The Creator Economy Is Dead. Long Live the Creativity Supply Chain.

Tom Christmann
Table of contents

Goodbye, Gatekeepers. Hello, Superpowers.

In the old days, content creators had to rely on gatekeepers like publishers, labels and film studios to get their work seen. These big companies had the editors, the cameras, the stages, the distribution and (most importantly) the money to invest to make sure it all kept rolling along. Under this system, creators had to serve up content that one or more gatekeepers would want to buy. Or starve.

With the rise of social media, content creation became more democratic than ever before. Creators could bypass traditional gatekeepers and go directly to their audiences, giving them a greater degree of freedom and control over their work. They could make content that would NEVER be made under the old system. And they could monetize it through ads or brand sponsorship. This new system needed a name. Venture Capitalists started calling it The Creator Economy.

Sweet! Now creators could work directly with brands to make content or sell the content they’ve already made! But then a funny thing happened. More gatekeepers started popping up. Maybe having access to every creator on planet Earth made the bean-counters nervous. I mean, who will be talking to all these people? And who will rank them? Don’t we need to rank them? Can’t be having just ANYONE make our content. After all, they have to be “on brand,” don’t they?

So Influencer Management companies started pushing their creators. And stats like follower counts started being published and compared. And, yes, new superstars were born. Like Khaby Lame (139 million followers) and Charli D’Amelio (141 million followers).
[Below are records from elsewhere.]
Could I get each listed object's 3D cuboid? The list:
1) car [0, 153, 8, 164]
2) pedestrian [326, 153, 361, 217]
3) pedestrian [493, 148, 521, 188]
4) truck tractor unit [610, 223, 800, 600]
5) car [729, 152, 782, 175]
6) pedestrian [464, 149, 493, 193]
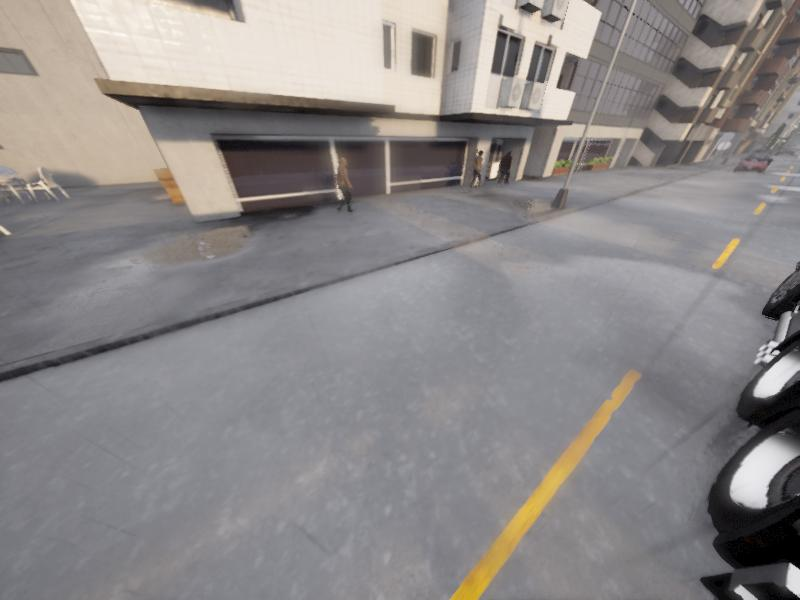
[{"bbox_3d":[-44.594,-14.947,24.074,1.882,1.535,5.008,-21,40,-28],"label":"car"},{"bbox_3d":[-1.923,-3.986,8.001,0.751,1.860,0.751,-18,39,-24],"label":"pedestrian"},{"bbox_3d":[5.978,-7.416,13.006,0.751,1.860,0.751,-23,41,-30],"label":"pedestrian"},{"bbox_3d":[5.038,-0.368,0.879,6.516,4.208,3.053,-21,40,-27],"label":"truck tractor unit"},{"bbox_3d":[31.412,-12.139,20.427,3.633,1.501,1.845,-21,40,-28],"label":"car"},{"bbox_3d":[3.937,-6.524,11.705,0.751,1.860,0.751,-24,41,-31],"label":"pedestrian"}]

But this leaves a LOT of creators out of the running. Why has the Creator Economy, with its promised economic independence for all content creators, failed to live up to its expectations?

Michael Mignano, Partner at Lightspeed, proposes an alternative in a recent Medium post. He calls this new system The Creativity Supply Chain. It’s made up of three parts: supply (all the people who create), incentives (market mechanisms that incentivize creation/distribution/consumption), demand (people who consume creativity) and superpowers (products/technologies).

Chain Lightning

As anyone with an internet connection knows, the SUPPLY side is growing exponentially. Hundreds of thousands of pieces of content are uploaded to the internet every single second. Most humans create and post something every day. Even if it’s just a LinkedIn entry about your new job. That’s content.

Mignano says the biggest global INCENTIVE is literally the fact that more people are getting high-speed internet every day. And they want more content to watch. But when it comes to those creators pursuing monetary incentives, according to Mignano, they can “easily sell [their] audience’s attention to the highest bidder on platforms like Instagram, YouTube, or TikTok”, but he doesn’t mention how much discovery friction there is here. On the creator side, getting to 1,000 followers is hard. And on the other side, many brands don’t know how to find creators.